Note: I'm fully aware that there are more diets than the one's I've listed. I've listed these because I support what they are advocating: consumption of mostly whole foods, appropriate Macro Nutrient profiles (according to research), eliminating kryptonite foods, pleasurable, and sustainable. As with all things, sustainability is incredibly important. If your steak tastes like heaven but depletes the Earth's resource two or ten times as fast as a thinner, more nutrient dense piece of grass-fed, grass-finished ribeye, it's not really creating heaven on Earth, is it?

  • The Slow Carb Diet: popularized by Tim Ferriss in his bestseller The 4-hour Body. I would say this is the easiest diet to follow of the ones I've listed, which may point to some truths in and of itself. Nonetheless, it's worked for countless people and "a journey of a thousand miles begins with the first step." As with all diets, it's recommended you pay attention to how certain foods make you feel and exempt them if necessary (ex. beans do not agree with my tummy, so I'd leave them out if I was a Slow Carber).
  • Mark Sisson's Primal Blueprint: A paleo-esque way of eating and living that has just as much to do with what goes on between meals as the meals themselves. Essentially, it's eating what humans ate before we began manufacturing food.
  • The Ketogenic Diet: controversial for common use but undoubtedly very effective for killing cancer cells, treating epileptics, boosting brain performance, and shredding fat. I'm a proponent of the cyclical ketogenic diet, which I'll display in a moment. The common keto diet has very little emphasis on food quality and is simply about macro nutrient ratios. I know this diet works but believe it can be optimized.

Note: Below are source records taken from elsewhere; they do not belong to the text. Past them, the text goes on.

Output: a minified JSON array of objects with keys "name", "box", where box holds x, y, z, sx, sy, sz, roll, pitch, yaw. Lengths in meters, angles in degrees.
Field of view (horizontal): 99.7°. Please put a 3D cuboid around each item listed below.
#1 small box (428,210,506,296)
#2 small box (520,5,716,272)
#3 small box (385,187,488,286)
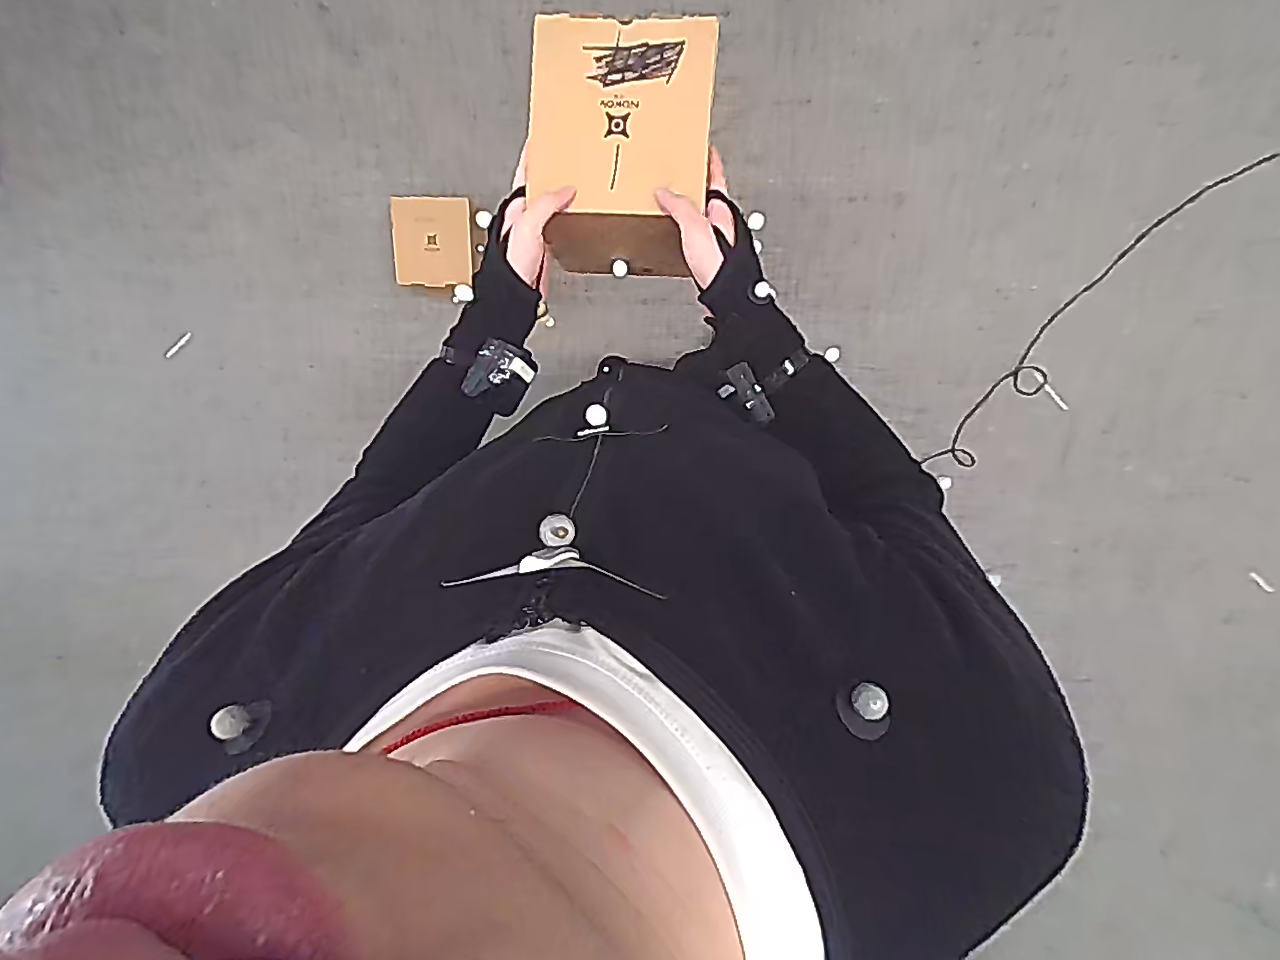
[{"name":"small box","box":[-0.439,-0.569,1.363,0.168,0.176,0.179,3,103,0]},{"name":"small box","box":[-0.017,-0.337,0.564,0.168,0.176,0.179,5,95,4]},{"name":"small box","box":[-0.442,-0.533,1.205,0.168,0.176,0.179,0,102,0]}]

  • The Bulletproof Diet by Dave Asprey: certainly not low hanging fruit but the Bulletproof Diet is the diet I've found not only the most effective for all of my lifestyle goals, but also quite easy to stick with. Plus, there's bulletproof coffee. Also, because it's not black and white. It's a gradient. You can eat garbage one day and still be on the Bulletproof path, as long as you pay attention to how it makes you feel and make responsible choices. If it's worth it to you to feel like death for 48 hours after binging, that's your choice! My brother calls this 80/20 (80% good 20% garbage). 
    Even though some things I consume aren't perfectly green on the BP infograph, I choose my foods with full awareness that I'll either reap the rewards of quality food or pay the price of toxin load. Thankfully, Dave harps heavily on how to be resilient and recover from times we are "less than optimal". That's one of the many reasons I chose to become a certified Bulletproof Coach.